*Problem to solve:* Every entry should come back exactly as written, minus the pictures.

*Records for the task:*
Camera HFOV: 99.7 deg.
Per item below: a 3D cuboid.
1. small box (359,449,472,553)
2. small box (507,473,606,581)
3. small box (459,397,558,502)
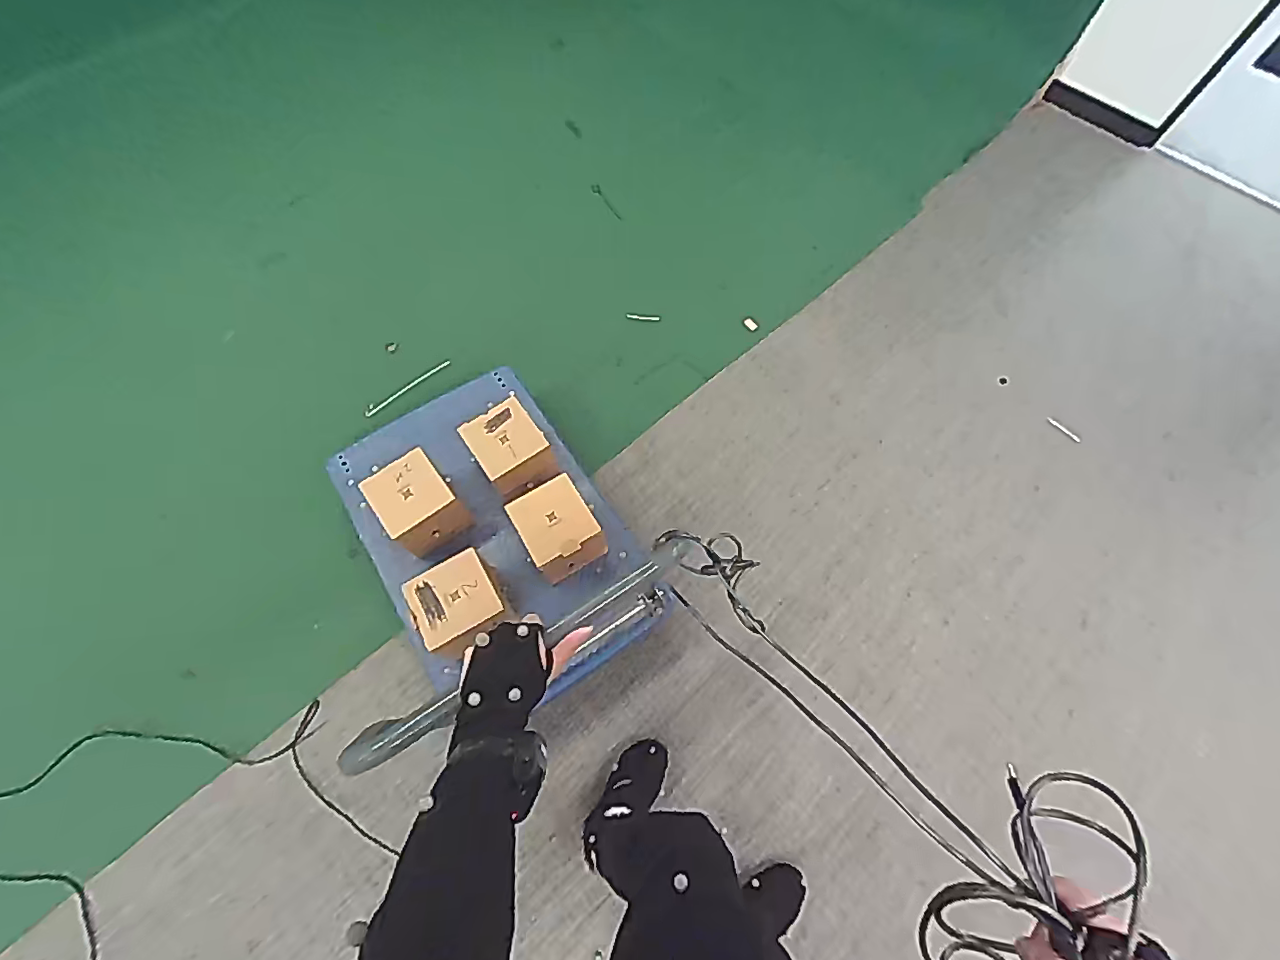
[{"bbox_3d":[-0.542,0.062,1.331,0.168,0.176,0.179,-35,71,-14],"label":"small box"},{"bbox_3d":[-0.196,0.120,1.305,0.168,0.176,0.179,-31,71,-11],"label":"small box"},{"bbox_3d":[-0.331,-0.073,1.385,0.168,0.176,0.179,-34,72,-12],"label":"small box"}]
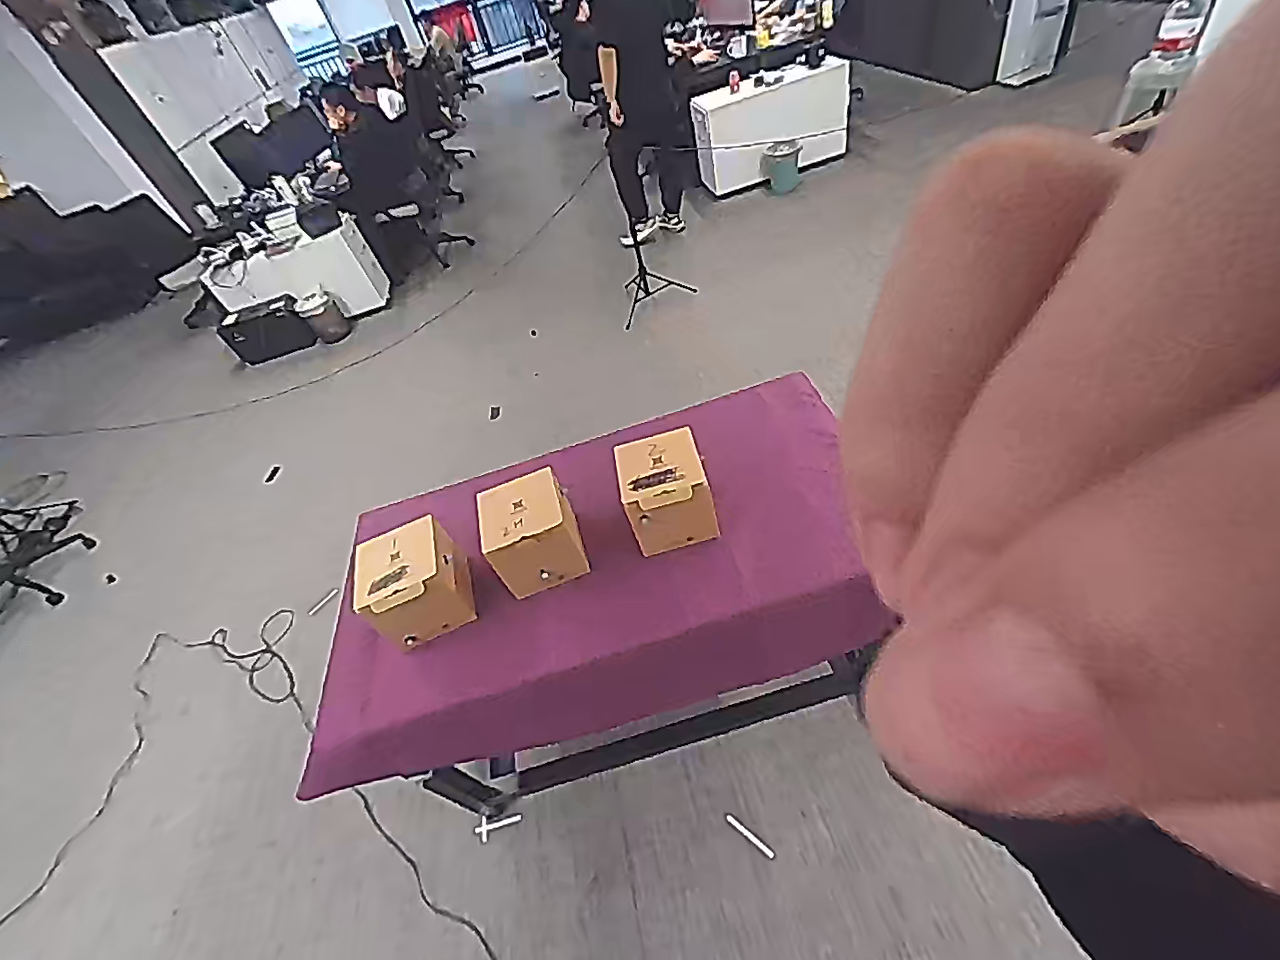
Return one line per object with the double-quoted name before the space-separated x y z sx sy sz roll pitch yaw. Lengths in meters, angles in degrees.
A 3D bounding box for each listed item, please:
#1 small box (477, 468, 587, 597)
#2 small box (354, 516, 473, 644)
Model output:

*Solution to this task:*
Camera HFOV: 99.7 deg.
Per item below: a 3D cuboid.
1. small box (359,449,472,553)
2. small box (507,473,606,581)
3. small box (459,397,558,502)
[{"bbox_3d":[-0.542,0.062,1.331,0.168,0.176,0.179,-35,71,-14],"label":"small box"},{"bbox_3d":[-0.196,0.120,1.305,0.168,0.176,0.179,-31,71,-11],"label":"small box"},{"bbox_3d":[-0.331,-0.073,1.385,0.168,0.176,0.179,-34,72,-12],"label":"small box"}]
Return one line per object with the double-quoted name before the space-separated x y z sx sy sz roll pitch yaw. Lengths in meters, angles in degrees.
A 3D bounding box for each listed item, please:
#1 small box (477, 468, 587, 597)
#2 small box (354, 516, 473, 644)
Model output:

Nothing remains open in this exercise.